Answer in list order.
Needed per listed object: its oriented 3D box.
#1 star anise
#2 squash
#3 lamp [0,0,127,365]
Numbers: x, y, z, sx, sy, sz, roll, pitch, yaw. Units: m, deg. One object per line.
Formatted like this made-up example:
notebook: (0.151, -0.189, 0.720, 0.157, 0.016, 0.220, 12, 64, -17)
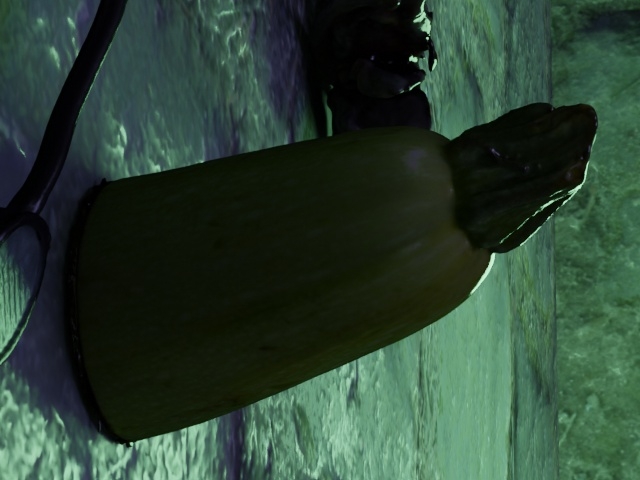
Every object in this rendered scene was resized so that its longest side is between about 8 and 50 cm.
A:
star anise: (0.038, -0.130, 1.332, 0.231, 0.089, 0.209, 80, 2, -48)
squash: (-0.010, 0.007, 0.823, 0.137, 0.287, 0.137, 17, 65, -42)
lamp: (-0.117, -0.111, 0.789, 0.130, 0.108, 0.371, 86, 21, -65)
※ ※ ※
Could the entries above be written out word for word, pictures excluded?

Response to the exercise:
Answer in list order.
Needed per listed object: its oriented 3D box.
#1 star anise
#2 squash
#3 lamp [0,0,127,365]
Numbers: x, y, z, sx, sy, sz, roll, pitch, yaw. Units: m, deg. One object per line.
Formatted like this made-up example:
notebook: (0.151, -0.189, 0.720, 0.157, 0.016, 0.220, 12, 64, -17)
Every object in this rendered scene was resized so that its longest side is between about 8 and 50 cm.
A:
star anise: (0.038, -0.130, 1.332, 0.231, 0.089, 0.209, 80, 2, -48)
squash: (-0.010, 0.007, 0.823, 0.137, 0.287, 0.137, 17, 65, -42)
lamp: (-0.117, -0.111, 0.789, 0.130, 0.108, 0.371, 86, 21, -65)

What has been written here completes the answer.